The Company’s income tax expense increased $153,000, or 100.7%, to $305,000 for the first quarter of 2007 compared to $152,000 in 2006 due to an increase in income before taxes. The Company’s combined federal and state effective tax rate was 35.5%, up slightly from 31.0% for the same period in 2006 due to an increase in taxable income.

Liquidity Management.

Liquidity is the ability to meet current and future financial obligations of a short-term nature. Our primary sources of funds consist of deposit inflows, loan repayments, maturities and sales of securities, borrowings from the Federal Home Loan Bank of Boston and securities sold under agreements to repurchase. While maturities and scheduled amortization of loans and securities are predictable sources of funds, deposit flows and loan prepayments are greatly influenced by general interest rates, economic conditions and competition. Prepayment rates can have a significant impact on interest income. Because of the large percentage of loans we hold, rising or falling interest rates have a significant impact on the prepayment speeds of our earning assets that in turn affect the rate sensitivity position. When interest rates rise, prepayments tend to slow. When interest rates fall, prepayments tend to rise. Our asset sensitivity would be reduced if prepayments slow and vice versa. While we believe these assumptions to be reasonable, there can be no assurance that assumed prepayment rates will approximate actual loan repayment activity.
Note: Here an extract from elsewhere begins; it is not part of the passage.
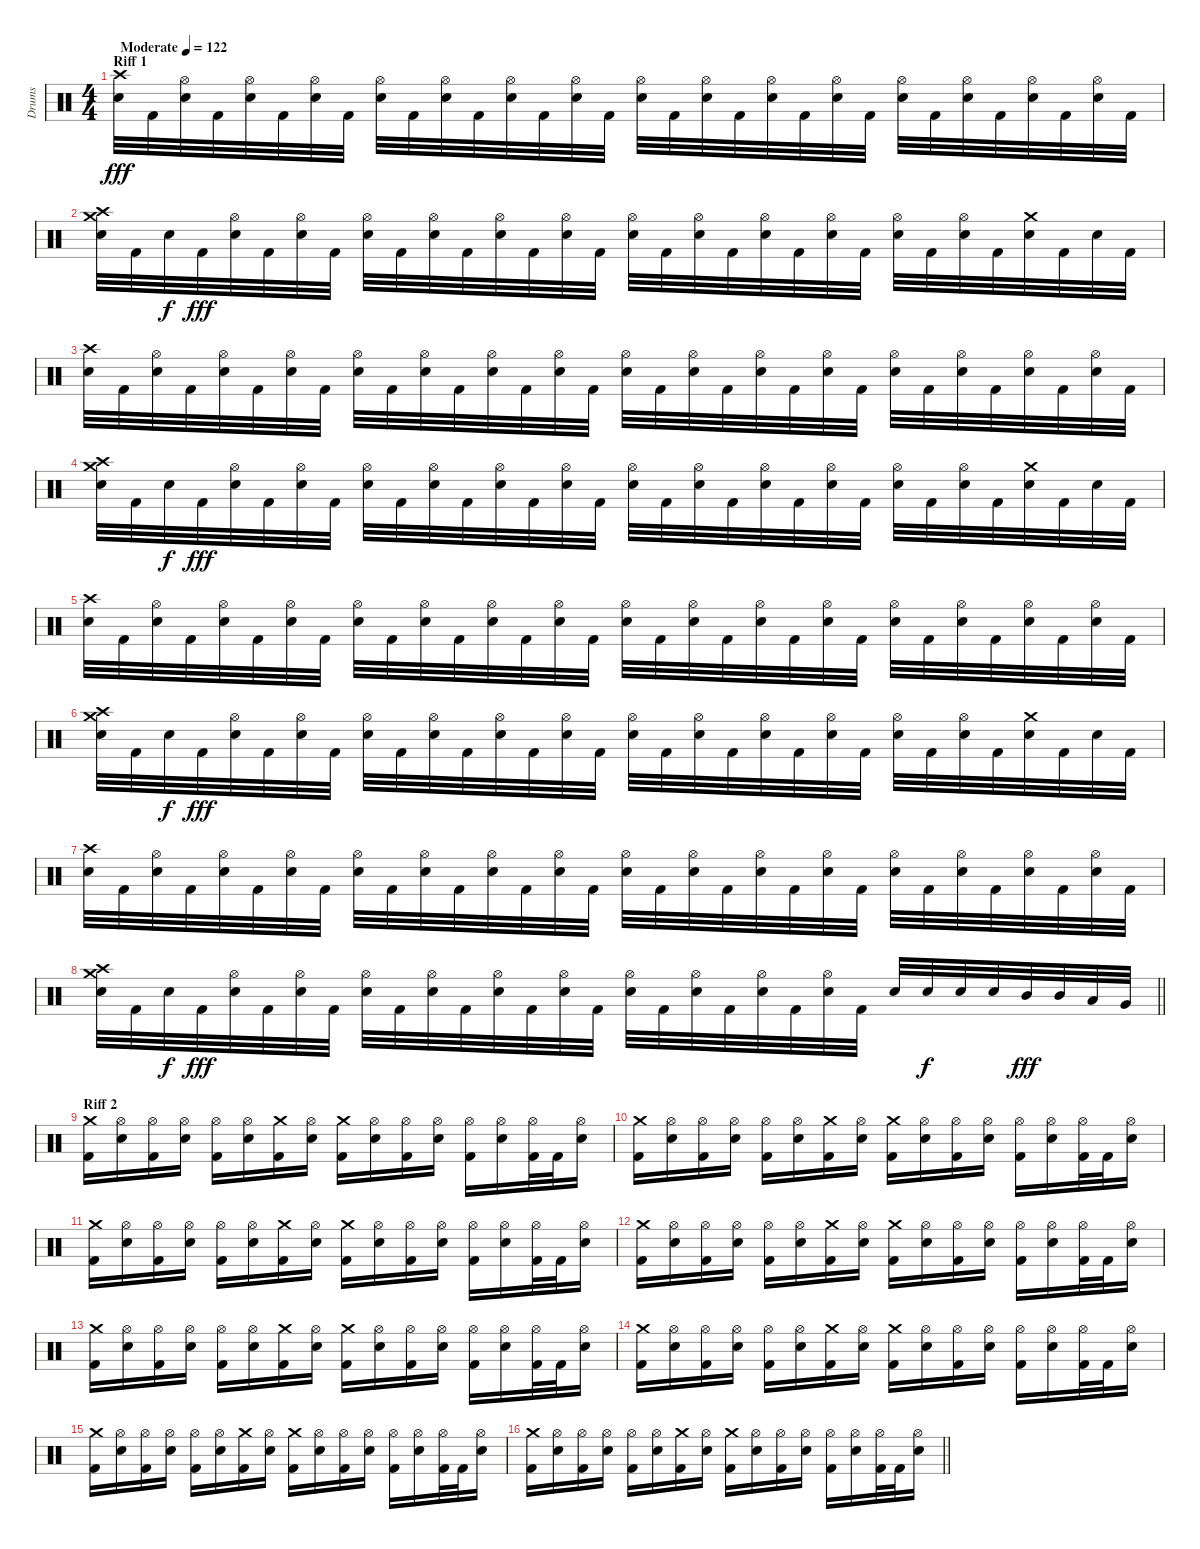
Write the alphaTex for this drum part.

We regularly adjust our investments in liquid assets based upon our assessment of: (1) expected loan demands; (2) expected deposit flows; (3) yields available on interest-earning deposits and securities; and (4) the objectives of our asset/liability management policy.

Our most liquid assets are cash and cash equivalents. The levels of these assets depend on our operating, financing, lending and investing activities during any given period. At March 31, 2007, cash and cash equivalents totaled $31.8 million. Total securities classified as available for sale were $7.5 million at March 31, 2007. In addition, at March 31, 2007, we had the ability to borrow a total of approximately $107.7 million from the Federal Home Loan Bank of Boston. On March 31, 2007, we had $14.8 million of borrowings outstanding. Based on the current level of liquidity we do not anticipate any future Federal Home Loan Bank of Boston borrowings at this time.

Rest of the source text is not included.